Information provided:
=-=-=

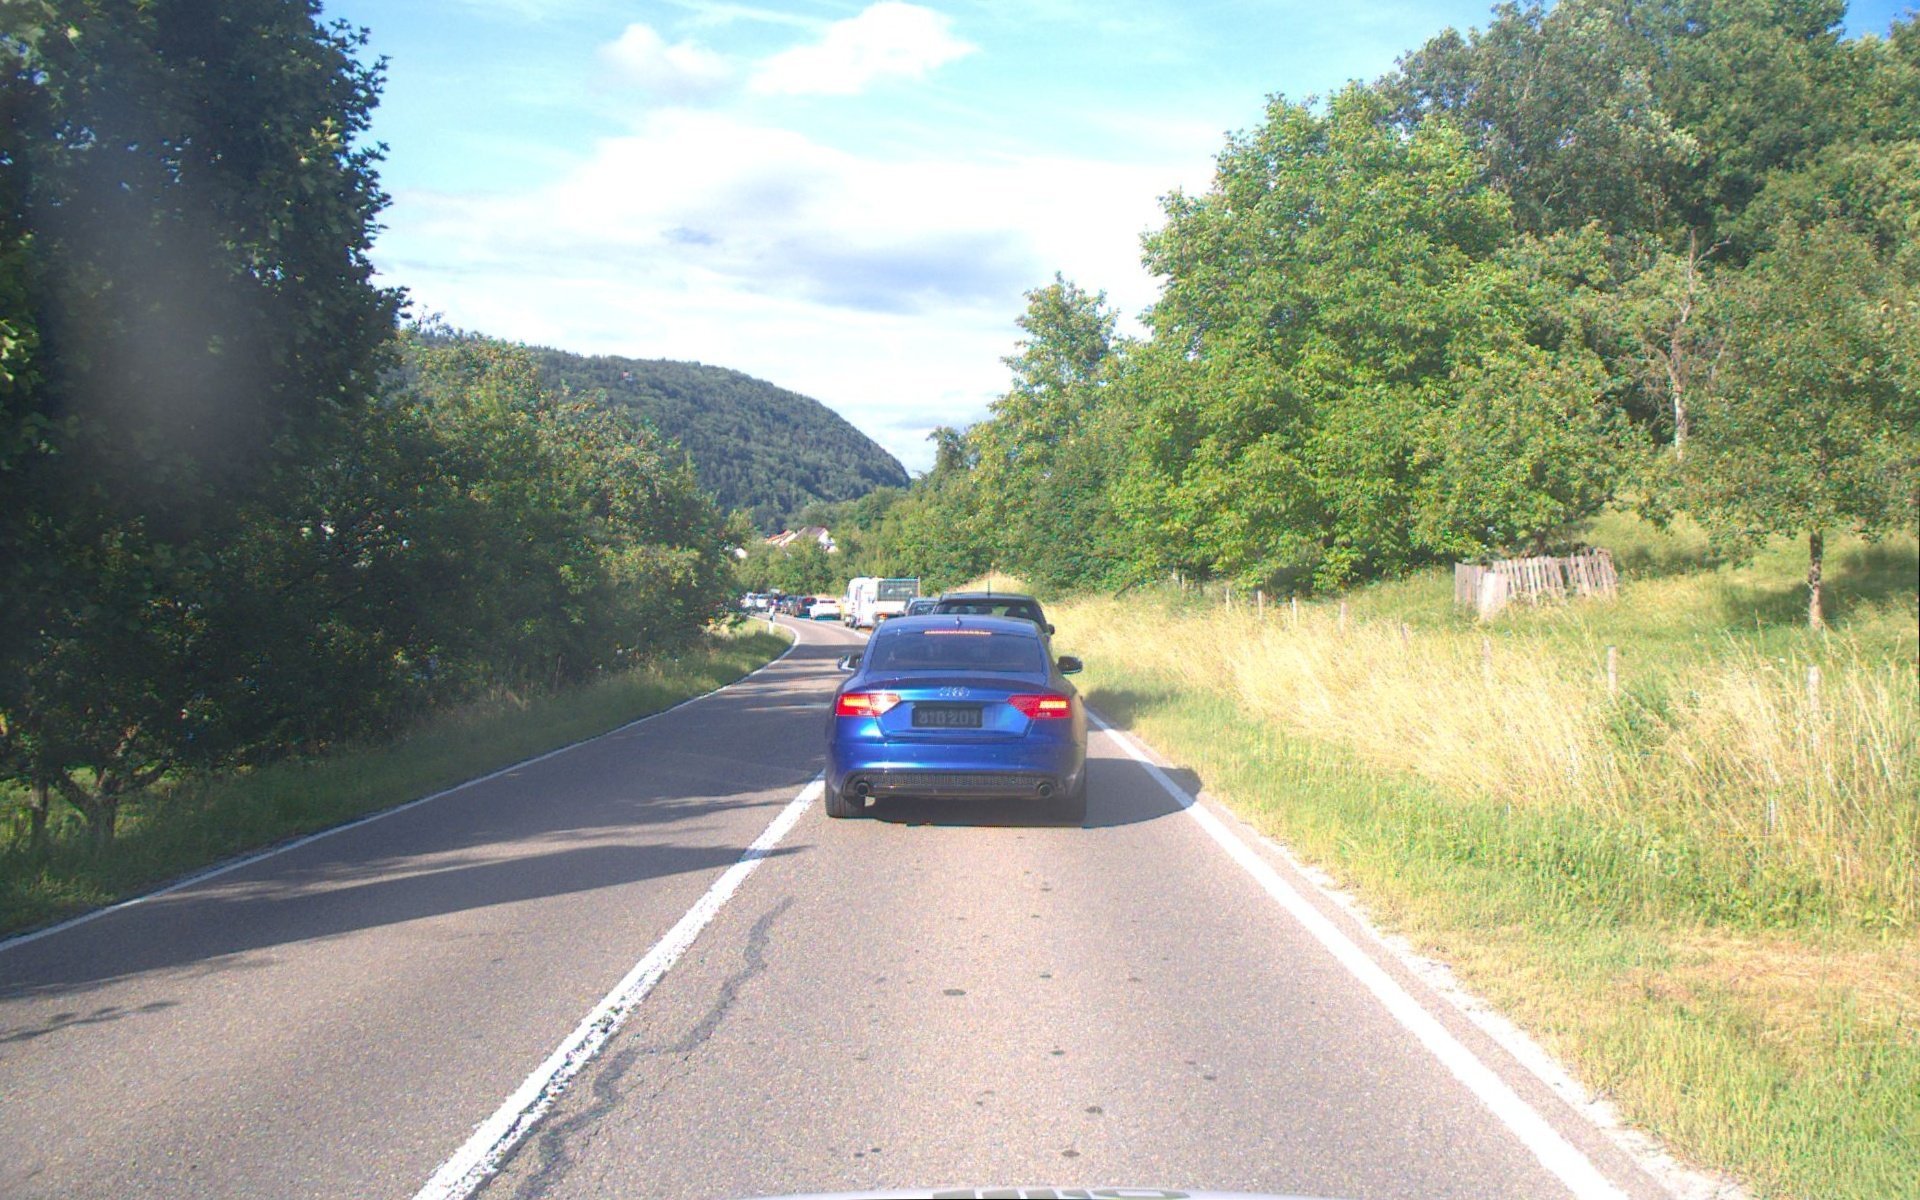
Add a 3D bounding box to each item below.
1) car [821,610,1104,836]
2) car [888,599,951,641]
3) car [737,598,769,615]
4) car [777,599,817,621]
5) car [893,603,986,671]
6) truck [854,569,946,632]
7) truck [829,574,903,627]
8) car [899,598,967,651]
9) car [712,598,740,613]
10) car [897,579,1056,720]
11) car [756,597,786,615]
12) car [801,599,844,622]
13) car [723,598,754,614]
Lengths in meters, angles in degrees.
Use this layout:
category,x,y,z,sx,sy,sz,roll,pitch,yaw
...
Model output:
category,x,y,z,sx,sy,sz,roll,pitch,yaw
car,0.061,0.782,12.358,1.756,1.383,4.001,1,0,1
car,-1.538,0.734,61.628,1.955,1.508,3.994,1,-1,-7
car,-18.688,0.572,149.362,1.965,1.508,3.974,1,-1,-22
car,-11.834,0.705,119.807,1.964,1.508,3.977,1,-1,-20
car,-0.412,0.804,37.071,1.952,1.411,4.000,1,-1,0
truck,-2.929,0.030,77.053,2.812,2.712,10.367,1,0,-10
truck,-5.318,0.016,91.369,2.812,2.712,10.618,1,0,-10
car,-0.772,0.732,50.168,1.952,1.508,4.000,1,-1,0
car,-23.776,0.572,167.827,1.965,1.508,3.974,1,-1,-22
car,0.224,0.637,22.613,1.952,1.732,4.000,1,-1,0
car,-16.093,0.502,140.856,1.961,1.508,3.983,1,-1,-16
car,-9.376,0.695,112.379,1.964,1.508,3.977,1,-1,-20
car,-20.878,0.579,156.004,1.965,1.508,3.974,1,-1,-22

=-=-=

Task item: Please write the material out again exactly as shown above, minus any pictures.

Answer for the task:
Add a 3D bounding box to each item below.
1) car [821,610,1104,836]
2) car [888,599,951,641]
3) car [737,598,769,615]
4) car [777,599,817,621]
5) car [893,603,986,671]
6) truck [854,569,946,632]
7) truck [829,574,903,627]
8) car [899,598,967,651]
9) car [712,598,740,613]
10) car [897,579,1056,720]
11) car [756,597,786,615]
12) car [801,599,844,622]
13) car [723,598,754,614]
Lengths in meters, angles in degrees.
Use this layout:
category,x,y,z,sx,sy,sz,roll,pitch,yaw
...
Model output:
category,x,y,z,sx,sy,sz,roll,pitch,yaw
car,0.061,0.782,12.358,1.756,1.383,4.001,1,0,1
car,-1.538,0.734,61.628,1.955,1.508,3.994,1,-1,-7
car,-18.688,0.572,149.362,1.965,1.508,3.974,1,-1,-22
car,-11.834,0.705,119.807,1.964,1.508,3.977,1,-1,-20
car,-0.412,0.804,37.071,1.952,1.411,4.000,1,-1,0
truck,-2.929,0.030,77.053,2.812,2.712,10.367,1,0,-10
truck,-5.318,0.016,91.369,2.812,2.712,10.618,1,0,-10
car,-0.772,0.732,50.168,1.952,1.508,4.000,1,-1,0
car,-23.776,0.572,167.827,1.965,1.508,3.974,1,-1,-22
car,0.224,0.637,22.613,1.952,1.732,4.000,1,-1,0
car,-16.093,0.502,140.856,1.961,1.508,3.983,1,-1,-16
car,-9.376,0.695,112.379,1.964,1.508,3.977,1,-1,-20
car,-20.878,0.579,156.004,1.965,1.508,3.974,1,-1,-22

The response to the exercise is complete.